Random Acts of Training #4

2015.Jan.12 Monday · 0 comments

in Life, Restaurants

It was another roll of the dice and this time, once again, the Mitre train line headed to Tigre, and the stop… Acassuso. Now, I’ve been to this little ‘burb a couple of times and even gave it a little writeup awhile back. I remember (and have a couple of photos on the blog to prove it), walking from the station down Av. Peru, past the Tren de la Costa station (these days called Barrancas, though at one time apparently El Anticuario, probably having to do with the weekend flea market), and on to Peru Beach. I know that that time I took a lot more photos, but, for some reason, I appear not to have a backup of the entire month of May 2008’s photos, either on disk or Flickr, which is annoying – I’ll have to do a bit more searching at some point.

This time, of course, the goal was a meander along the way (perhaps I should have gone a different direction this time around and seen another part of Acassuso, but on a Sunday, pretty much the only thing open is Peru Beach, so I headed that way again), and, of course, somewhere to eat. That, and Peru pretty much cuts straight through the center of Acassuso, it’s not like it’s a huge barrio.

Not much of a train station on the Mitre line.

The pretty little traffic rotunda at Peru and Santa Fe – in the background, the San Isidro Hipodromo, but that’s actually across the border into a different barrio.

Our old pal Sarmiento. He does get around.

Heading onto Av. Peru.

A monument to the local firefighters.

Peru heads downhill towards the eponymous beach. Most of the homes here are mansions, hidden away behind high walls.

The Tren de la Costa station is a bit prettier, though the market is overcrowded. Although the new trains on the Tren de la Costa are spiffy and modern, I kind of liked the old ones better – and it’s not like they were falling apart.

Considering that the highest recommended spots on Foursquare seem to be Kansas and TGI Friday’s for norteamericano fare, I decided to limit it to parrillas, and two popped up (I’d also tried burgers, but both recommended places were closed, and the one French place that popped up, O’Farrell, go figure for a French restaurant, wasn’t open) – El Ñandu and El Braserito, Sebastian Elcano 538. Now, the former definitely had higher ratings, and was far more popular, with a line that stretched half a block long with people waiting, while the latter, though nearly full, I was able to grab a seat.

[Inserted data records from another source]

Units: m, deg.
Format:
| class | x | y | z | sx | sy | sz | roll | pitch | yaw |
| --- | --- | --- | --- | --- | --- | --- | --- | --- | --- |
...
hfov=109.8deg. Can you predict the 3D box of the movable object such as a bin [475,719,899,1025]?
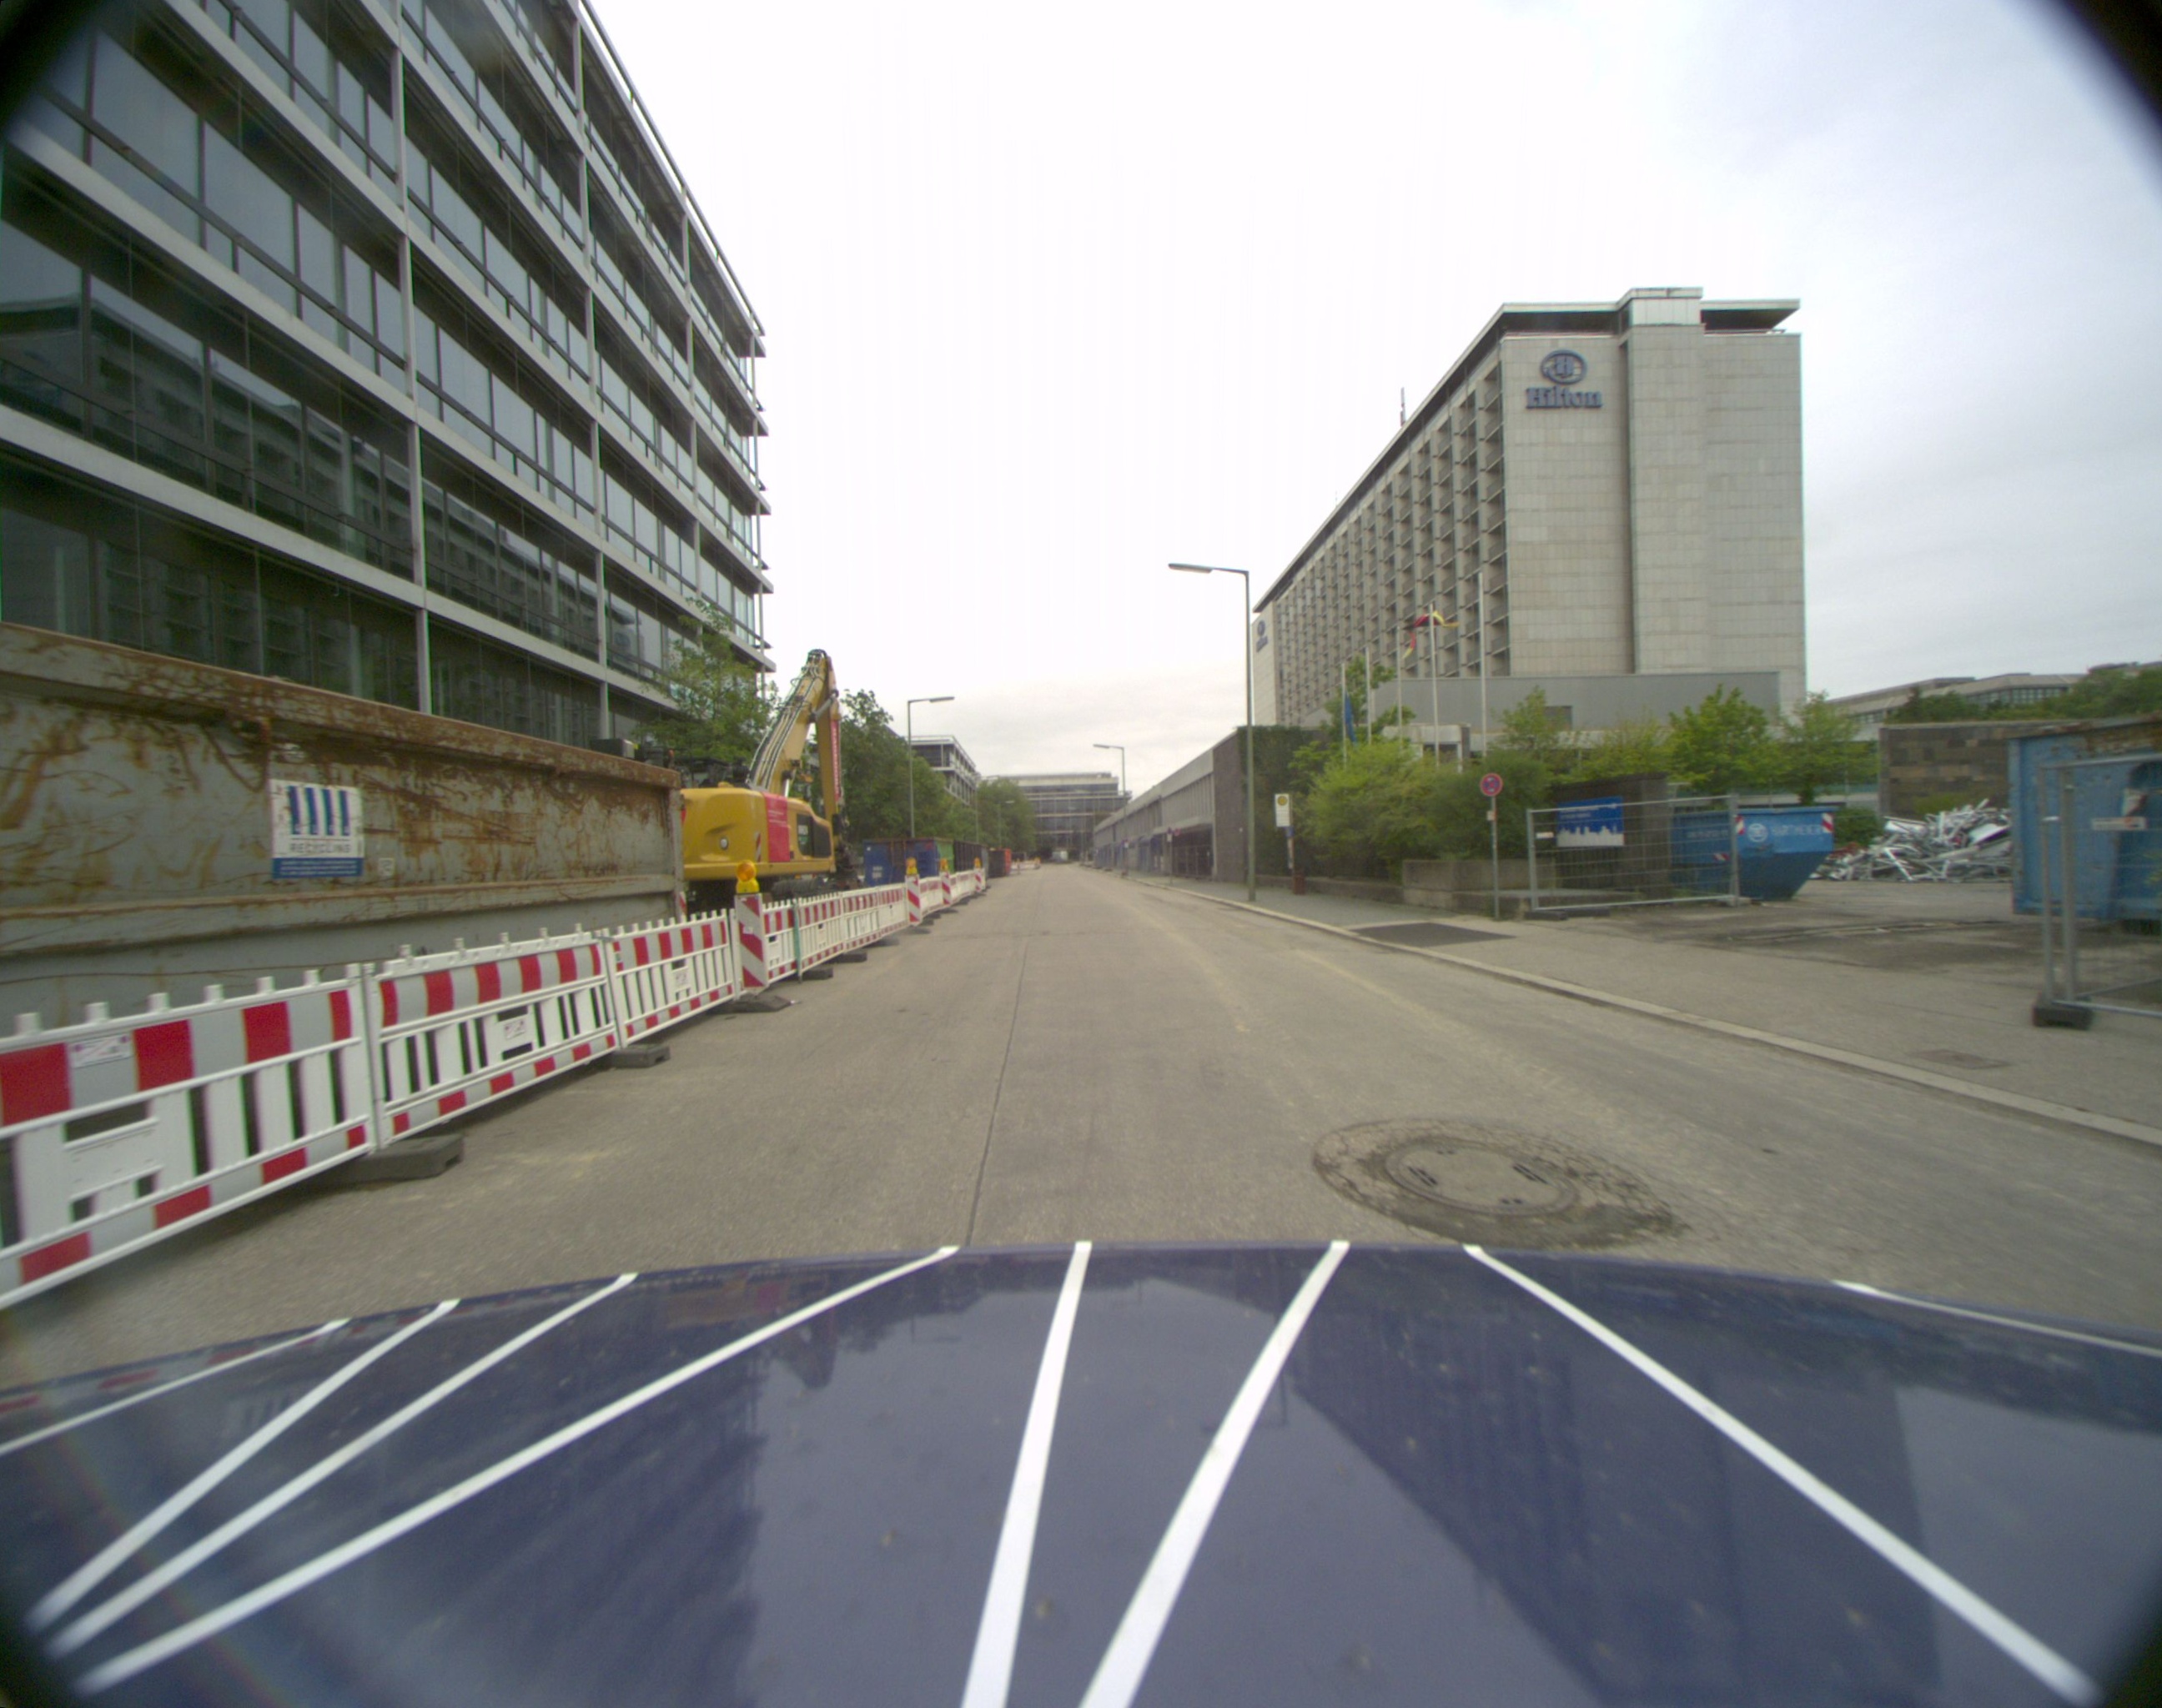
| class | x | y | z | sx | sy | sz | roll | pitch | yaw |
| --- | --- | --- | --- | --- | --- | --- | --- | --- | --- |
| movable object such as a bin | -5.973 | 0.174 | 13.989 | 3.250 | 3.695 | 9.004 | -2 | 1 | -2 |

Most of the seating is outdoors, across the street from the restaurant, but for that, there was a wait. Given that a couple of tables were available indoors, I went that way. Service was friendly, if a bit… distracted. About half the time, my waiter was making out with one of the waitresses off in a corner.

A proper provoleta liquida, a nice start.

Then my fries arrived, but not my steak. In fact, they arrived about 20-25 minutes before my steak. They were good, but I wanted them with my steak. Hot. Not cold.

Now, the recommended steak by several folk on FS was the entraña, but they didn’t have any, just bife de chorizo (tenderloin) or bondiola (pork shoulder), I went with the former, a half portion on the waiter’s recommendation. It might be one of the fattier pieces of steak I’ve had here in Argentina, but it was also tender and well seasoned. Still, only about 2/3 of that was edible.

200 pesos with tip, not bad, not great, I was wondering what the folk standing in line a block away were going to get to eat by comparison….

Hopped on the Tren de la Costa up to Tigre, wandered a bit, then took a bus back home.